Try it. Wherever a picture appears, leave it out, and transcribe the rest of the records exactly.

Source data
-*-

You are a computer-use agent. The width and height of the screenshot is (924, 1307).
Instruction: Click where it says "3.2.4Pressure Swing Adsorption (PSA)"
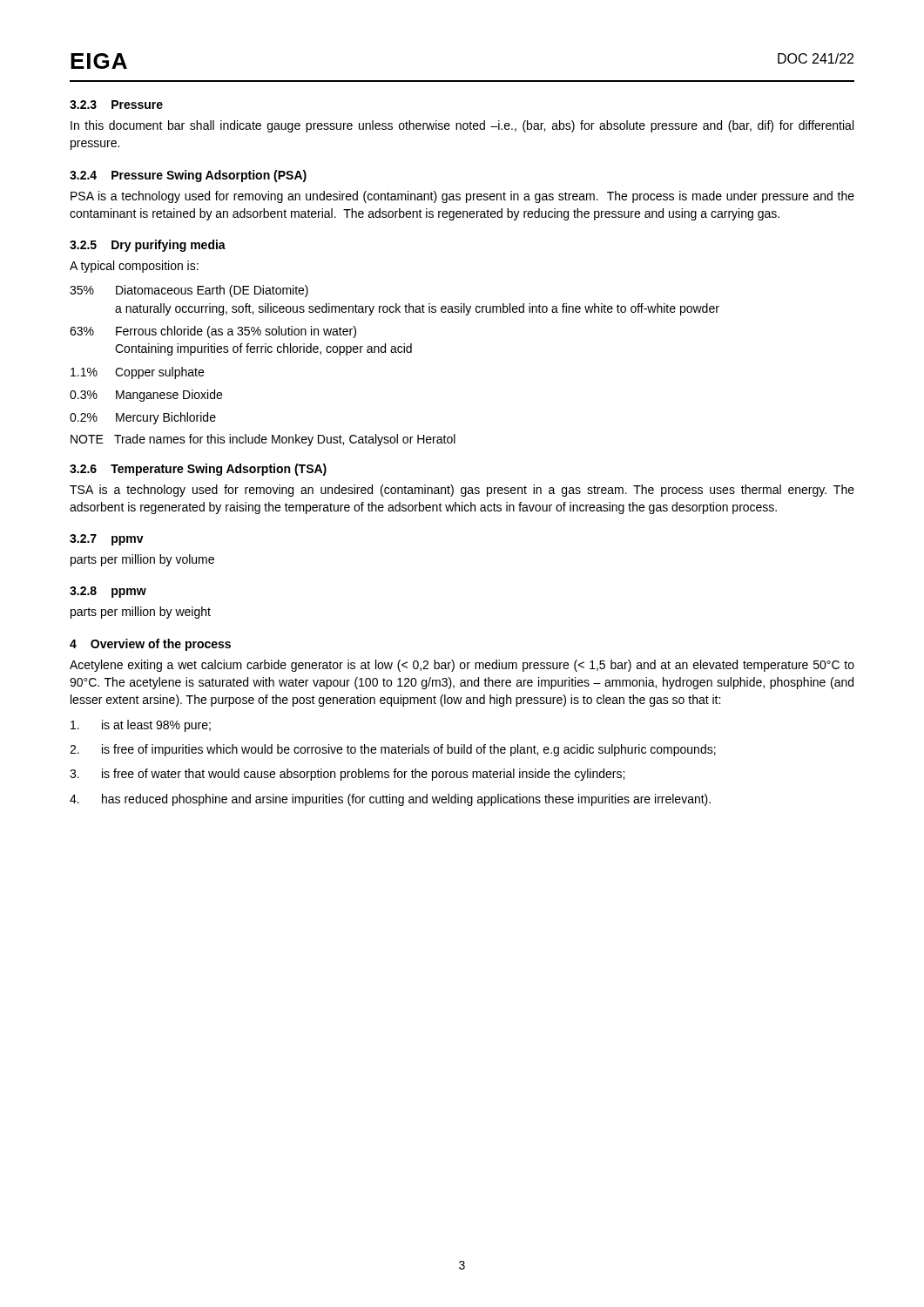click(x=188, y=175)
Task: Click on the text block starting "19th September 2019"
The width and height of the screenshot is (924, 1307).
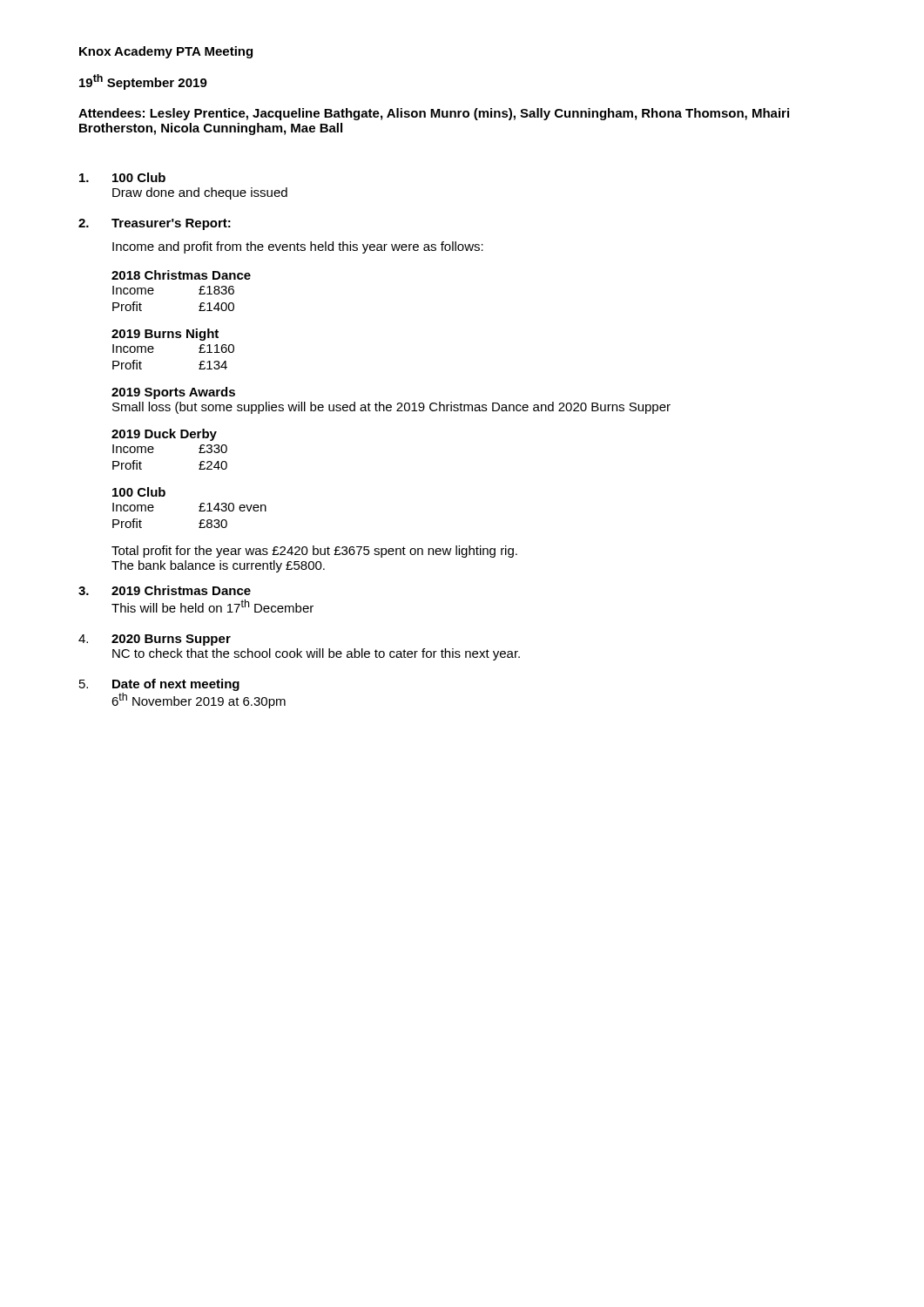Action: click(x=143, y=81)
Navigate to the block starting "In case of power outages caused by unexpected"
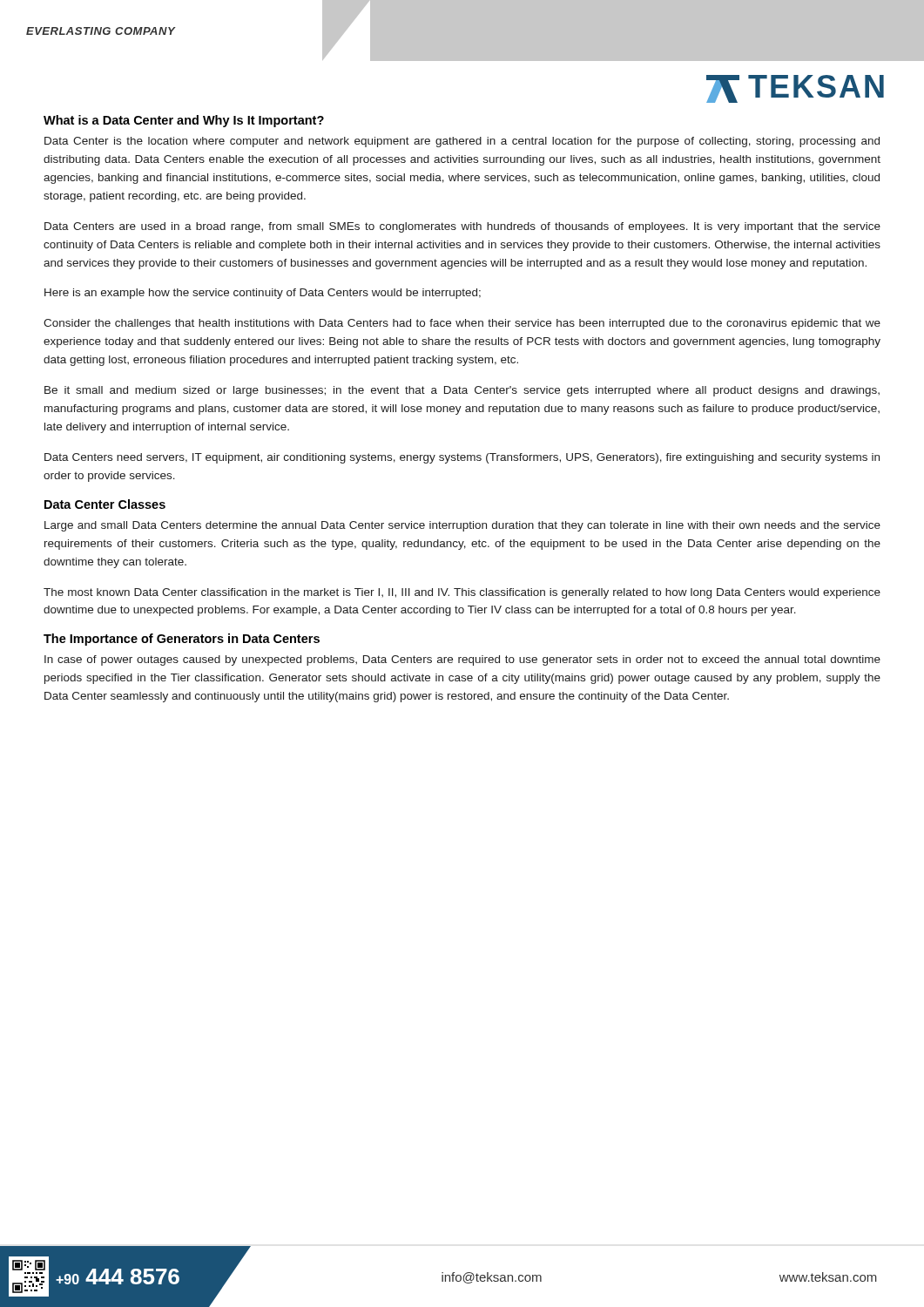 (x=462, y=678)
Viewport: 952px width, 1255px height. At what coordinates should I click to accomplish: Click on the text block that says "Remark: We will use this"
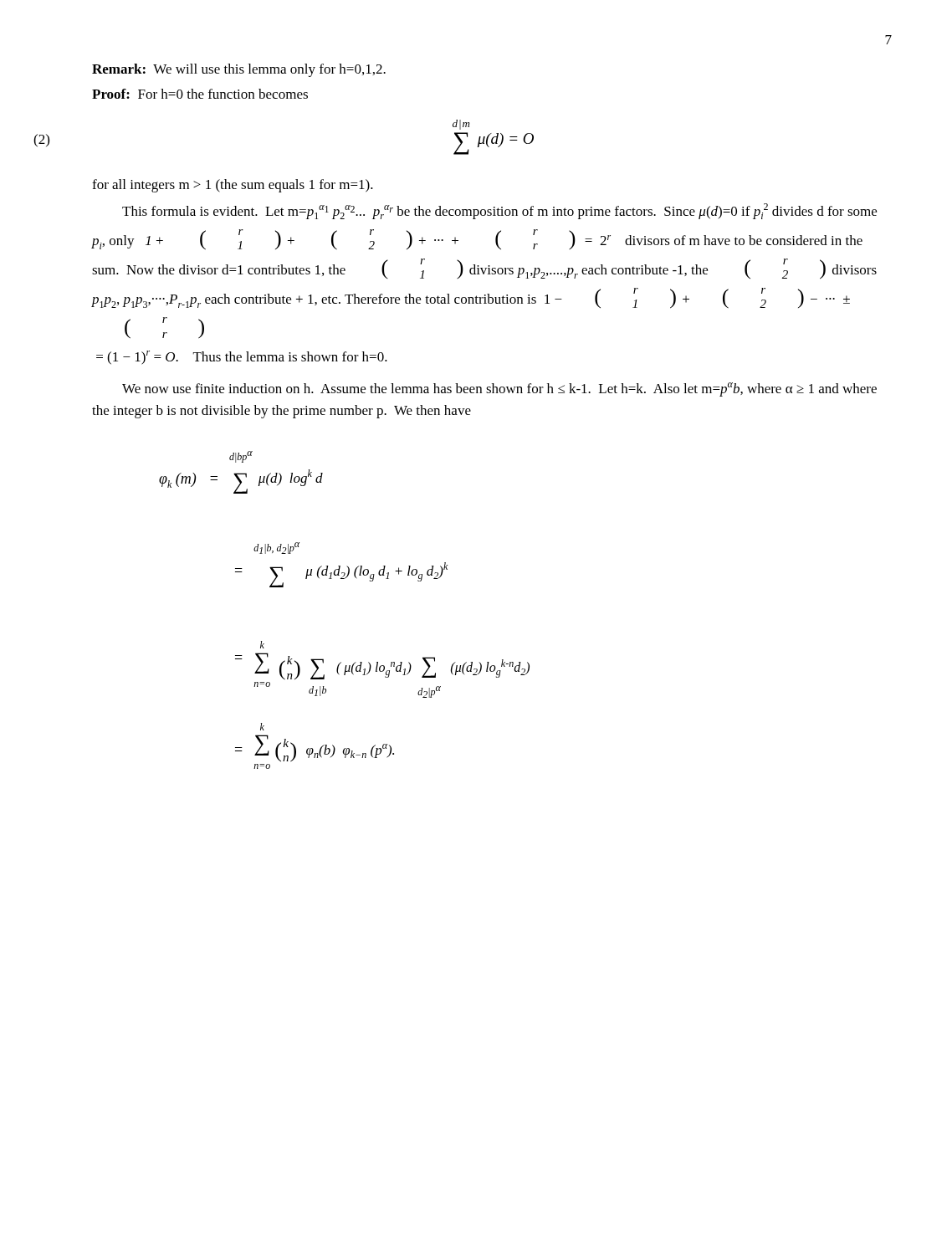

-*-

Finished exercise.
You are a computer-use agent. The width and height of the screenshot is (924, 1307).
Instruction: Click where it says "3.2.4Pressure Swing Adsorption (PSA)"
click(x=188, y=175)
Task: Click on the text block starting "19th September 2019"
The width and height of the screenshot is (924, 1307).
Action: click(x=143, y=81)
Navigate to the block starting "In case of power outages caused by unexpected"
 (x=462, y=678)
Viewport: 952px width, 1255px height. At what coordinates should I click to accomplish: Click on the text block that says "Remark: We will use this"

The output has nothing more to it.